--- Extracted entries Enclosed Below ---

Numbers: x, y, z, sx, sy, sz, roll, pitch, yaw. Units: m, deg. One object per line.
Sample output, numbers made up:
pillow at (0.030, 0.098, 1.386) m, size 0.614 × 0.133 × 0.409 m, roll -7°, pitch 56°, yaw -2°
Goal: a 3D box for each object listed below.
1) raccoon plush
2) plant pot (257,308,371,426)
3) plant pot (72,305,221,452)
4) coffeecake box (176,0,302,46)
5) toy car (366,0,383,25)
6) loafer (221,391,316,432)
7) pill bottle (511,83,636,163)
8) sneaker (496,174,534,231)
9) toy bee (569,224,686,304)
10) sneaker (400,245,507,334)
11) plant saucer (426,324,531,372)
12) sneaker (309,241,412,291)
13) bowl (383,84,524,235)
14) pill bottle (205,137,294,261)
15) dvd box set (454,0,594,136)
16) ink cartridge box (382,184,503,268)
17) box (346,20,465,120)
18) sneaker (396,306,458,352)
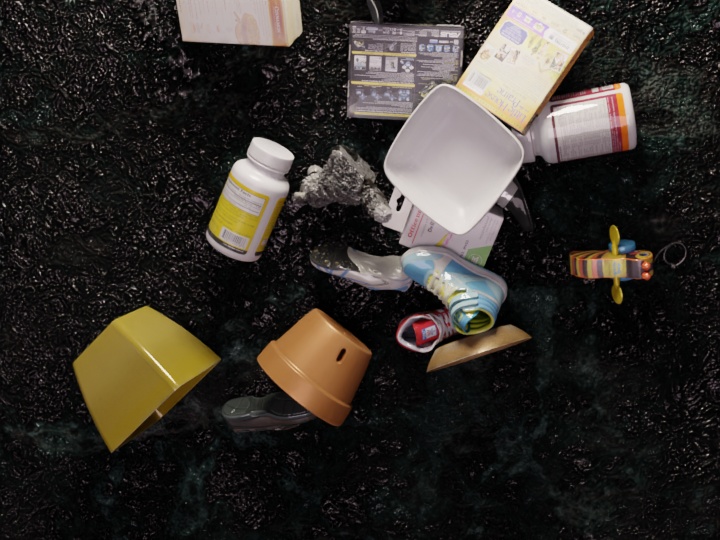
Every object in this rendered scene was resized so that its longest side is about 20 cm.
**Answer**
raccoon plush at (-0.041, -0.124, 1.646) m, size 0.096 × 0.201 × 0.134 m, roll 30°, pitch 115°, yaw -38°
plant pot at (-0.072, 0.166, 1.739) m, size 0.199 × 0.200 × 0.141 m, roll 38°, pitch 91°, yaw -5°
plant pot at (-0.417, 0.186, 1.789) m, size 0.200 × 0.200 × 0.177 m, roll -42°, pitch 87°, yaw 18°
coffeecake box at (-0.205, -0.462, 1.573) m, size 0.196 × 0.073 × 0.156 m, roll 7°, pitch 125°, yaw 15°
toy car at (0.033, -0.495, 1.509) m, size 0.155 × 0.164 × 0.204 m, roll 1°, pitch 103°, yaw 8°
loafer at (-0.171, 0.281, 1.851) m, size 0.196 × 0.072 × 0.064 m, roll -4°, pitch 127°, yaw 16°
pill bottle at (0.354, -0.240, 1.581) m, size 0.196 × 0.110 × 0.112 m, roll -9°, pitch 106°, yaw 14°
sneaker at (0.235, -0.149, 1.651) m, size 0.088 × 0.074 × 0.202 m, roll -28°, pitch 92°, yaw 15°
toy bee at (0.462, -0.018, 1.640) m, size 0.198 × 0.109 × 0.132 m, roll -26°, pitch 101°, yaw 15°
sneaker at (0.153, 0.037, 1.626) m, size 0.197 × 0.131 × 0.080 m, roll 19°, pitch 131°, yaw 3°
plant saucer at (0.206, 0.135, 1.689) m, size 0.197 × 0.200 × 0.036 m, roll -20°, pitch 81°, yaw 13°
sneaker at (0.000, 0.000, 1.733) m, size 0.196 × 0.073 × 0.073 m, roll 13°, pitch 139°, yaw 11°
bowl at (0.159, -0.187, 1.579) m, size 0.199 × 0.075 × 0.201 m, roll 40°, pitch 113°, yaw 7°
pill bottle at (-0.192, -0.128, 1.692) m, size 0.110 × 0.111 × 0.202 m, roll 26°, pitch 109°, yaw -1°
dvd box set at (0.267, -0.343, 1.552) m, size 0.146 × 0.029 × 0.202 m, roll 36°, pitch 96°, yaw 22°
ink cartridge box at (0.142, -0.086, 1.683) m, size 0.197 × 0.067 × 0.119 m, roll 21°, pitch 110°, yaw 1°
box at (0.077, -0.340, 1.622) m, size 0.196 × 0.049 × 0.164 m, roll 3°, pitch 106°, yaw 6°
sneaker at (0.156, 0.094, 1.711) m, size 0.197 × 0.112 × 0.072 m, roll -20°, pitch 92°, yaw 13°

--- End of Enclosed Extracted entries ---

| Try it |
Above are the records; print exactly the lines from the line with "3) plant pot (72,305,221,452)" to the line with "17) box (346,20,465,120)", including both, and nothing else.

| Solved problem |
3) plant pot (72,305,221,452)
4) coffeecake box (176,0,302,46)
5) toy car (366,0,383,25)
6) loafer (221,391,316,432)
7) pill bottle (511,83,636,163)
8) sneaker (496,174,534,231)
9) toy bee (569,224,686,304)
10) sneaker (400,245,507,334)
11) plant saucer (426,324,531,372)
12) sneaker (309,241,412,291)
13) bowl (383,84,524,235)
14) pill bottle (205,137,294,261)
15) dvd box set (454,0,594,136)
16) ink cartridge box (382,184,503,268)
17) box (346,20,465,120)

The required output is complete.